The statement indicated that the shooting took place after crew and actors were preparing for a scene. It was not an established rehearsal and the crew had yet to start filming.

Baldwin was wearing a shoulder holster and practicing drawing the .45 caliber, single-action, six-shot revolver. Hutchings and Souza were watching on a monitor as Baldwin drew the gun, pointed it at Hutchins and fired.

The statement said that after reviewing the script and interviewing witnesses, the scene did not require the weapon to be fired. An expert armorer said a plastic or replica gun should have been used in a rehearsal, given the scene did not require firing blanks.

A bullet hit Hutchins passed through her body and then hit Souza. Hutchins was pronounced dead, while Souza was treated and released.

Prosecutors allege Baldwin did not attend required firearms training before the start of filming. Statements from OSHA showed Baldwin was given “minimal” training on firearms, even though the armorer requested more training for him.

In a statement, Reed said Baldwin had limited training, including on how to check his own firearm and determine if it was loaded, which she felt was important. A training session was scheduled for at least an hour, but Reed said the actual training only lasted 30 minutes and Baldwin was talking on his phone at the time.

During media interviews and law enforcement interviews, Baldwin’s statements regarding what happened were “inconsistent,” including his claims that the gun accidentally went off. Video evidence showed Baldwin with his finger on the trigger while manipulating the hammer and drawing and pointing the gun.

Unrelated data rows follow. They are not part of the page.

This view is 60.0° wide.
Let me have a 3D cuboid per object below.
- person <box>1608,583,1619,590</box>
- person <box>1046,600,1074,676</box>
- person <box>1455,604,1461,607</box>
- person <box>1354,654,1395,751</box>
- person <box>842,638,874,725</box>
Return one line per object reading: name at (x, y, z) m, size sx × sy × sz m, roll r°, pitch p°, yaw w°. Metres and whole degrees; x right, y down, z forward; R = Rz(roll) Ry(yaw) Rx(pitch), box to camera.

When an FBI lab examined the gun, it did not malfunction. The lab also examined ammunition seized from the set and found five live rounds and one spent casing from a live round. Those didn’t match rounds taken from the company that supplied weapons and ammunition for the movie.

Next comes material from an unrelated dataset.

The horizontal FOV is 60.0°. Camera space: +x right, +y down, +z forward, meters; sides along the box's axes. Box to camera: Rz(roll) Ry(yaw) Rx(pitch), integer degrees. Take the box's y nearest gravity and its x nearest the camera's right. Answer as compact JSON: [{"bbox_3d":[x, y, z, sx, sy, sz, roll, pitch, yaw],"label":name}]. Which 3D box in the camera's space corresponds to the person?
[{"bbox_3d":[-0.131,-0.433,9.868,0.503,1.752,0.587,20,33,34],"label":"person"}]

Investigators stated that Baldwin failed to demand at least two safety checks between the armorer and himself. Standard procedure for a film set includes the armorer showing the actor the firearm, unloading and reloading it to prove there are no live rounds, something Baldwin was aware of through his experience as an actor.

Reed also left the scene while Baldwin had the gun, instead of staying on set as she was supposed to.

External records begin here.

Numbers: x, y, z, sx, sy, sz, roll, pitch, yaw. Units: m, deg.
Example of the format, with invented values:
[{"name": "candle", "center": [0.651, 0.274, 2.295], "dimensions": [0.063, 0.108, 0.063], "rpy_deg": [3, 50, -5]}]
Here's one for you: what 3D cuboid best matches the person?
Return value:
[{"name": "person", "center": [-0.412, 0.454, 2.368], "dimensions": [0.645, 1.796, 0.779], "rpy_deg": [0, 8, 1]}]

Investigators said Baldwin pointed the gun directly at Hutchins and Souza, despite being aware the first rule of gun safety is to never point a gun at someone you don’t intend to shoot. Baldwin was also aware one should always assume and act as if a gun is loaded.

The statement concluded Baldwin’s actions constituted a “failure to ensure minimum standards were met” and that they would be considered reckless based on industry standards.

Reed admitted she had no certifications or union membership for her role as an armorer and she had previously only served in the role for one film. As a producer, Baldwin allowed the hiring of someone inexperienced for the role and failed to ensure she was meeting minimum standards.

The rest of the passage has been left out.